ESPN’s Emmy winning Kirk Herbstreit is one of college football’s top commentators.
He was equally good in 1992’s, quarterbacking the Ohio state Buckeyes to a 13-13 tied with Michigan. Since a tie was as good as a win for Ohio State during the John Cooper years, Kirk is a hero to Buckeye fans everywhere.
Unfortunately, he was also the most accurate among the commentators in predicting the performance of the Michigan Wolverines under Coach Rodriquez.
Leave it to a Buckeye.
He was so good at Ohio State, and loyal to the Buckeyes, that he resides in Upper Arlington, a suburb of Columbus. No Goodbye Columbus for Herbstreit.
But Goodbye to a large tax deduction, for which penalties have attached.
Upper Arlington residents discovered an ingenious deduction that accomplished three goals: provide a public service, demolish an unwanted house, and claim a sizable deduction.
Forget remodeling; no DIY; just raze/torch the existing house and rebuild from scratch.
The solution: Donate the residence, but not the land, to the Upper Arlington Fire Department, which then torches the dwelling in a live fire exercise. The owners then have to clean up and remove the debris and ashes, but those costs are minimal compared to hiring a demolition company to destroy the house. If the Fire Department torches the property, it’s not arson.
This practice had been going on for about two decades in Upper Arlington. From 1988 to 2009 31 dwellings and 1 commercial structure were donated to the U.A.F.D., but only one since 2005. Residents in Minnesota and Wisconsin were adopting the tax stratagem. Too bad Birmingham, Bloomfield Hills, and Grosse Points, Michigan had not caught on.
The Herbstreits’ donated their Upper Arlington home to the fire department in 2004, claiming a charitable tax deduction of $330,000. They then spent over $1 million building the replacement home.
They mistimed the deduction, fumbling the return.

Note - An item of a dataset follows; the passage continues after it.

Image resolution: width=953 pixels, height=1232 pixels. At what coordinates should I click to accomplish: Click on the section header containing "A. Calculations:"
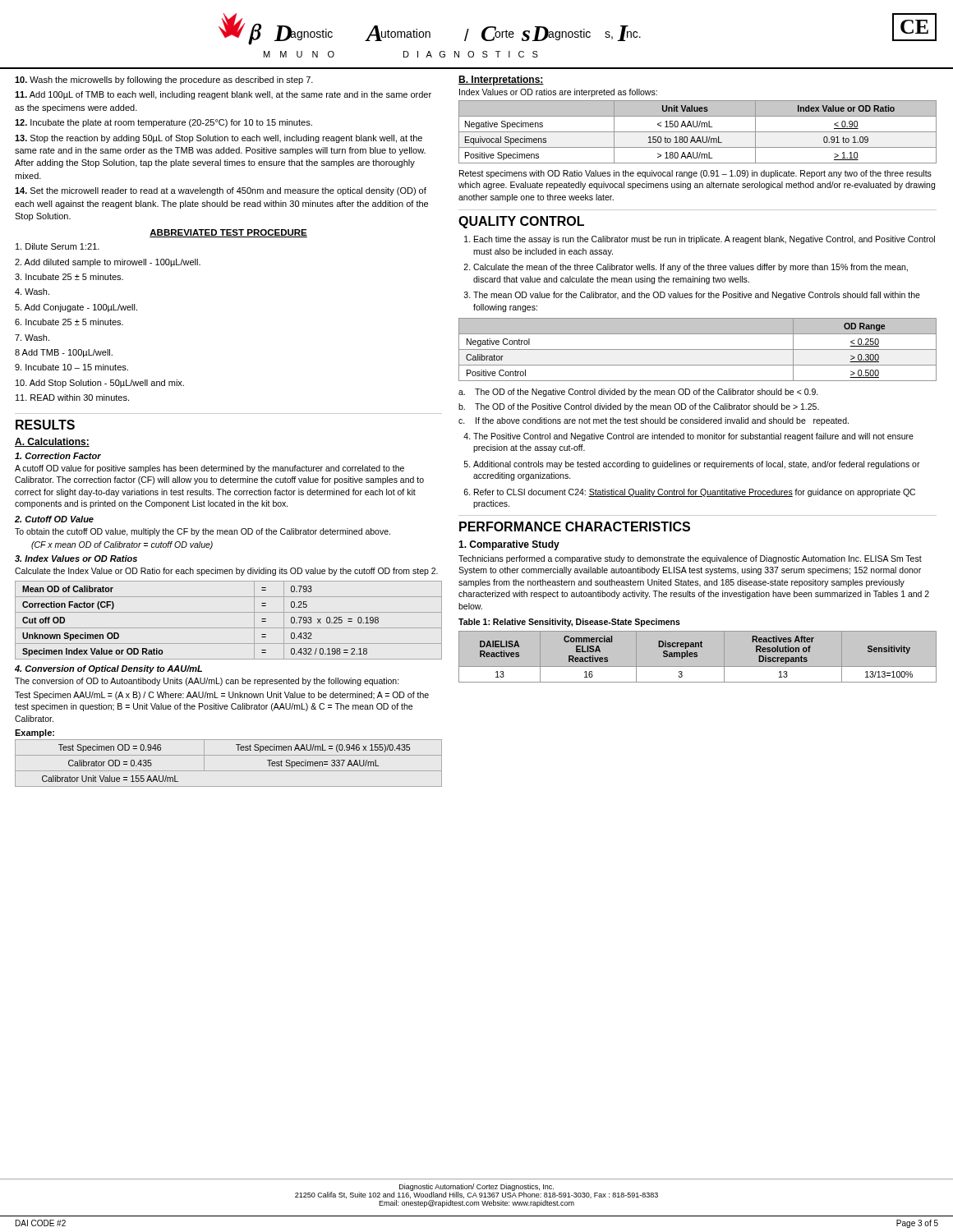tap(52, 442)

The IRS started questioning the practice in 2004, disallowed the Herbstreits’ deduction, and assessed a delinquency and penalties of $134,606. That burns. The United States District Court in Columbus affirmed the IRS’s ruling on July 21, 2010.

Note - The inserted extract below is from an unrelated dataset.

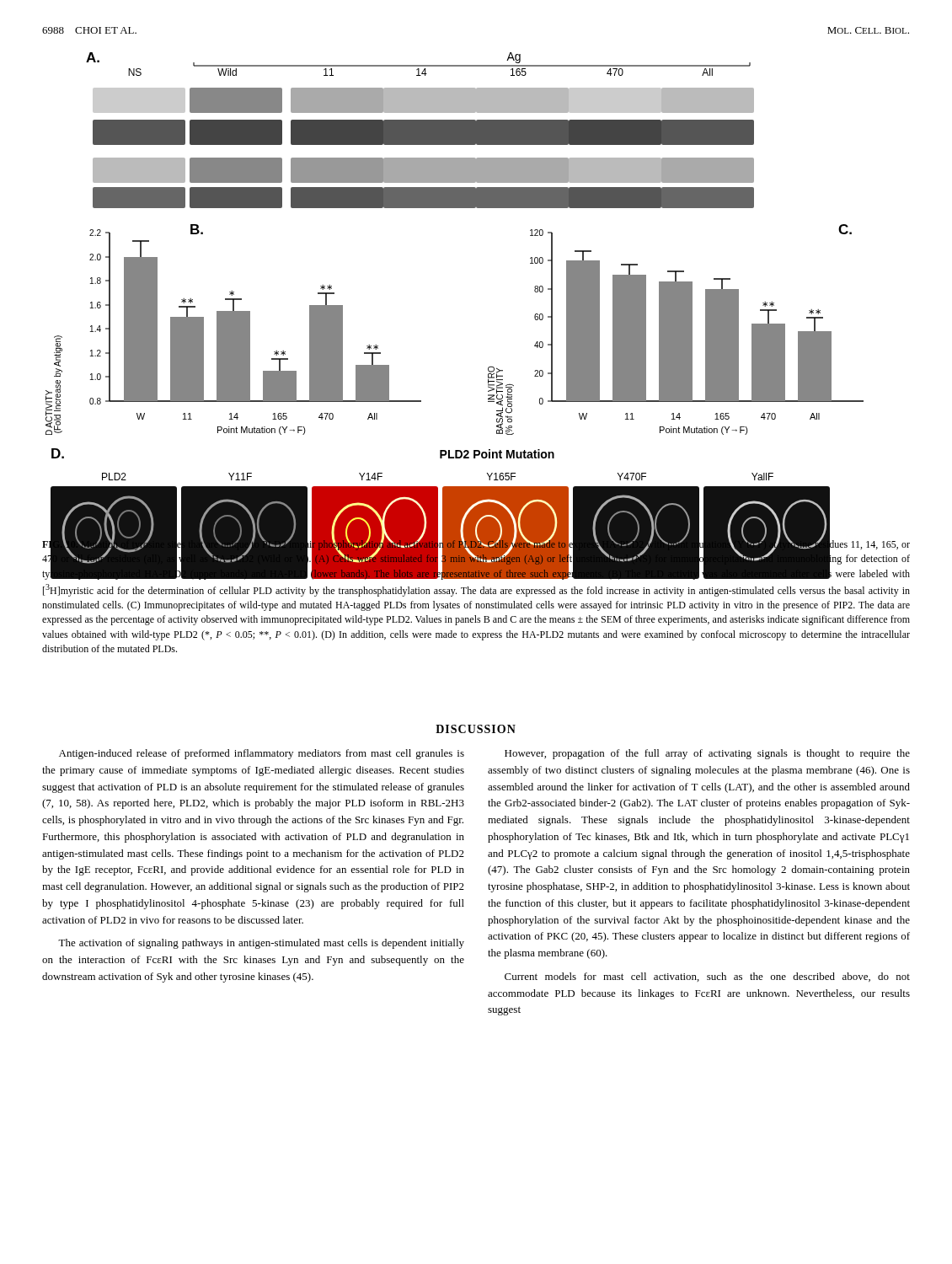Screen dimensions: 1264x952
Task: Locate the passage starting "The activation of signaling pathways in"
Action: coord(253,959)

The court’s decision though was not based on the burning issue of the legality of such deductions, but rather on procedural penalties. The Herbstreits failed to provide both a “sufficiently qualified appraisal” and “a sufficient contemporaneous acknowledgment of the purported deduction.”

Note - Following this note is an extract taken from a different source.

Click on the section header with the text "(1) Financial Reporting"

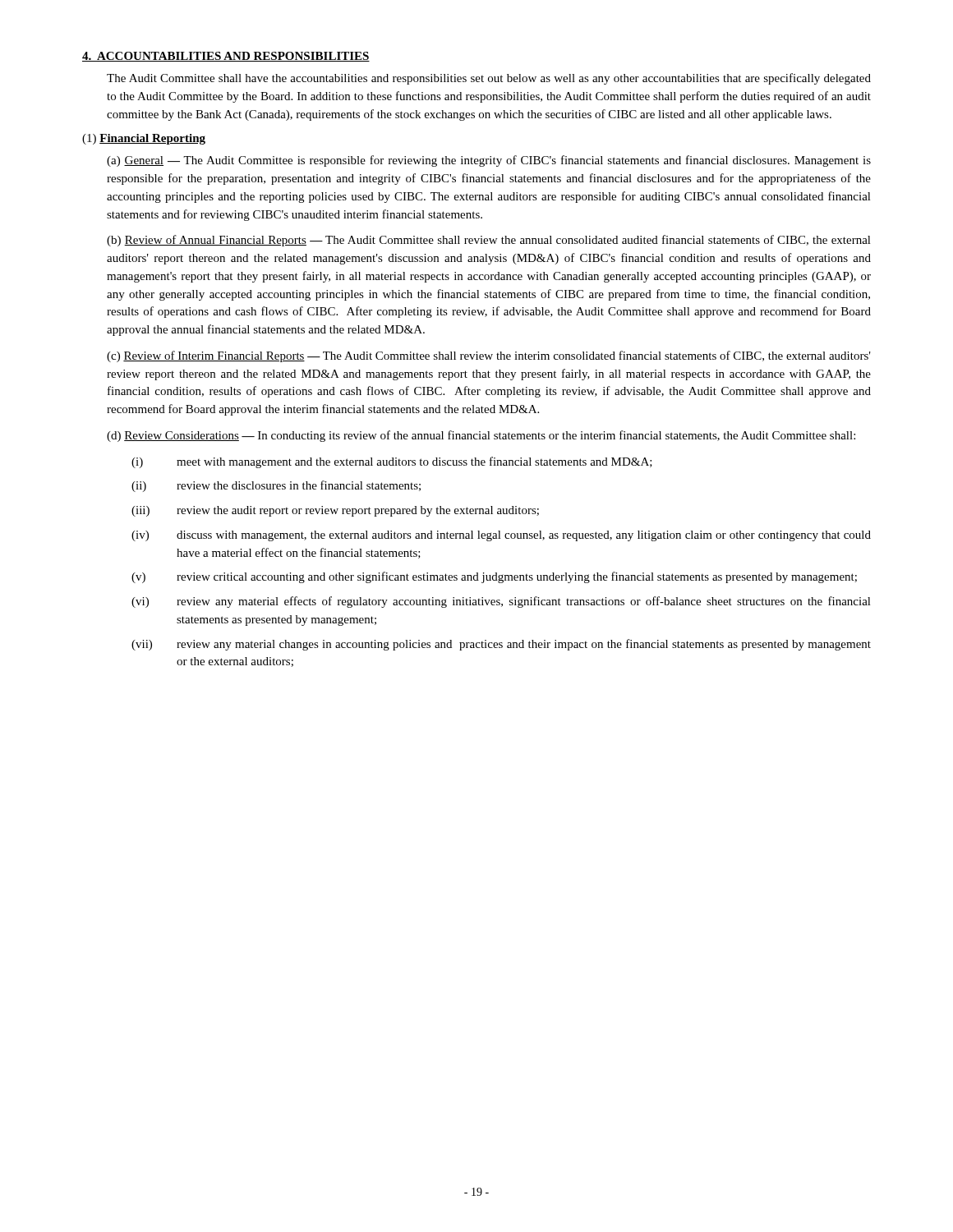coord(144,138)

They, or their accountants or lawyers, failed to follow basic procedural requirements of the IRS Code. Admittedly, learning an Ohio State playbook as a quarterback is not the challenge of mastering the Internal Revenue Code of 1964.
As a football player at Woody Hayes U, Kirk should have realized it comes down to the fundamentals of blocking and tackling rather it be football or taxes.
Quarterbacks should never fumble the handoff or writeoff.